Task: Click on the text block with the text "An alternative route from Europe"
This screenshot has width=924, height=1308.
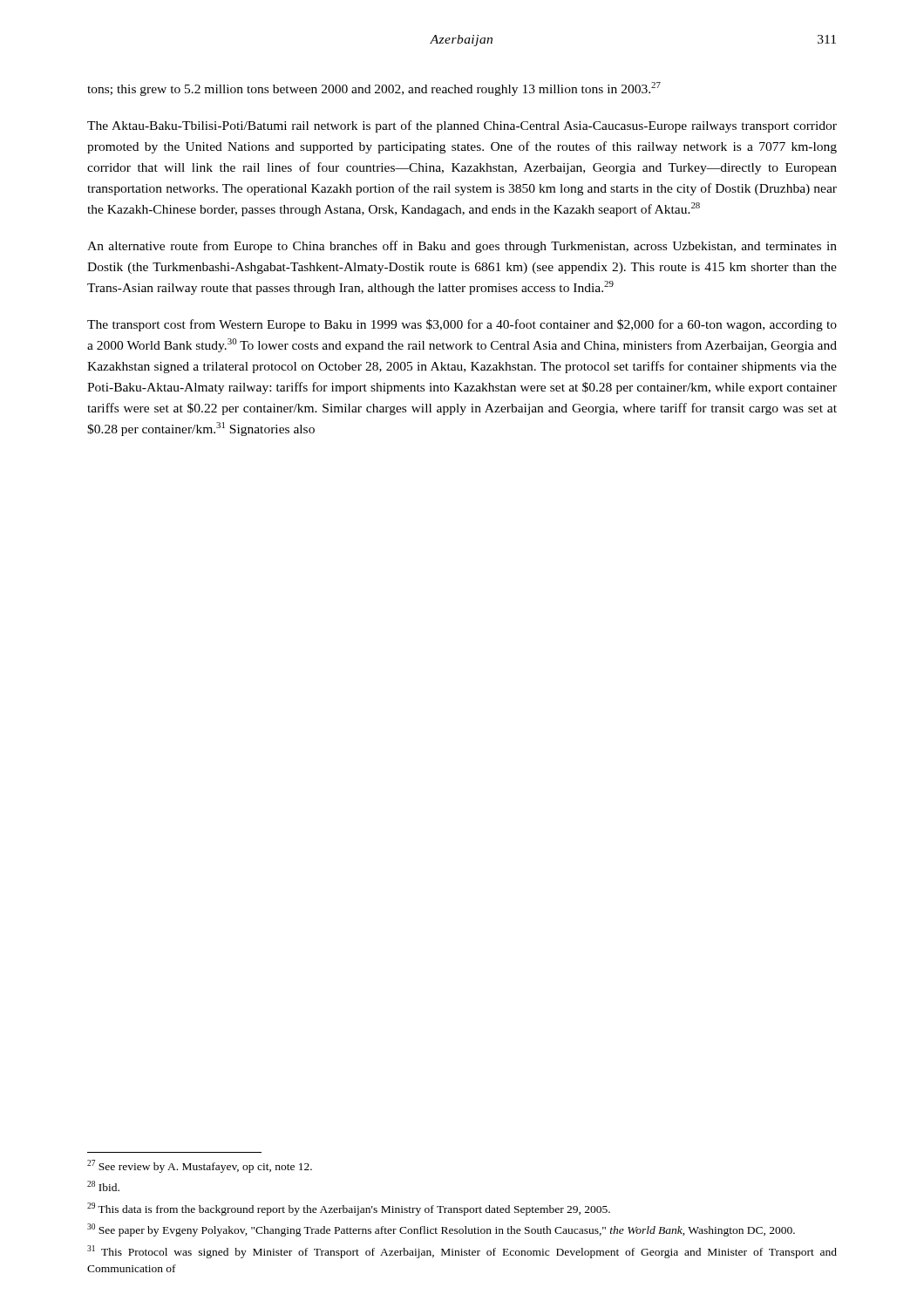Action: coord(462,267)
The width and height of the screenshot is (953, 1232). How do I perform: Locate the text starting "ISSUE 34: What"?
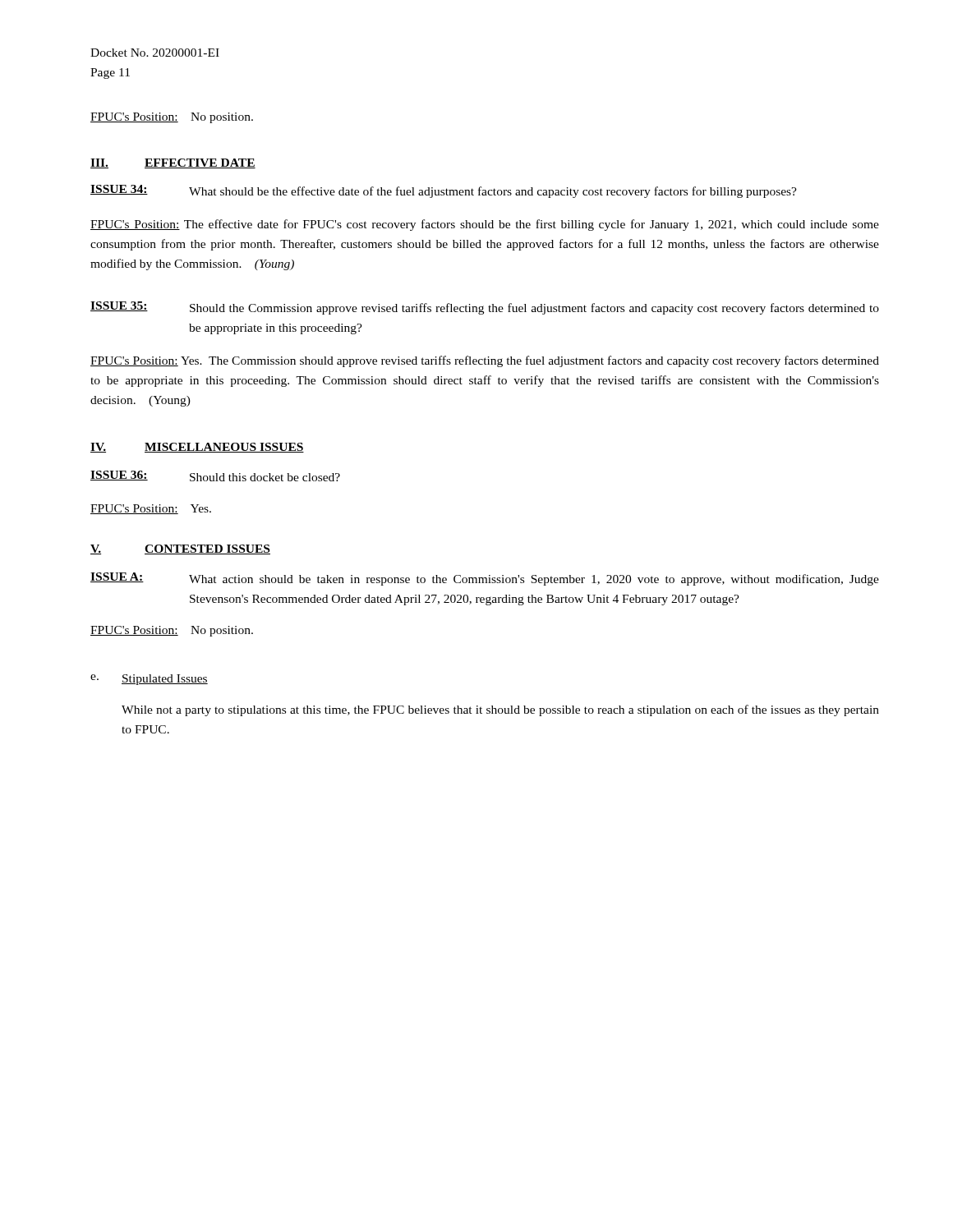click(x=485, y=192)

__________

DESCRIPTION OF THE TASK: Write out every line above exactly as it is, leaving out the pictures.

ANSWER SPACE:
Task: Click on the text block with the text "An alternative route from Europe"
This screenshot has width=924, height=1308.
Action: coord(462,267)
The width and height of the screenshot is (953, 1232). How do I perform: Locate the text starting "ISSUE 34: What"?
click(x=485, y=192)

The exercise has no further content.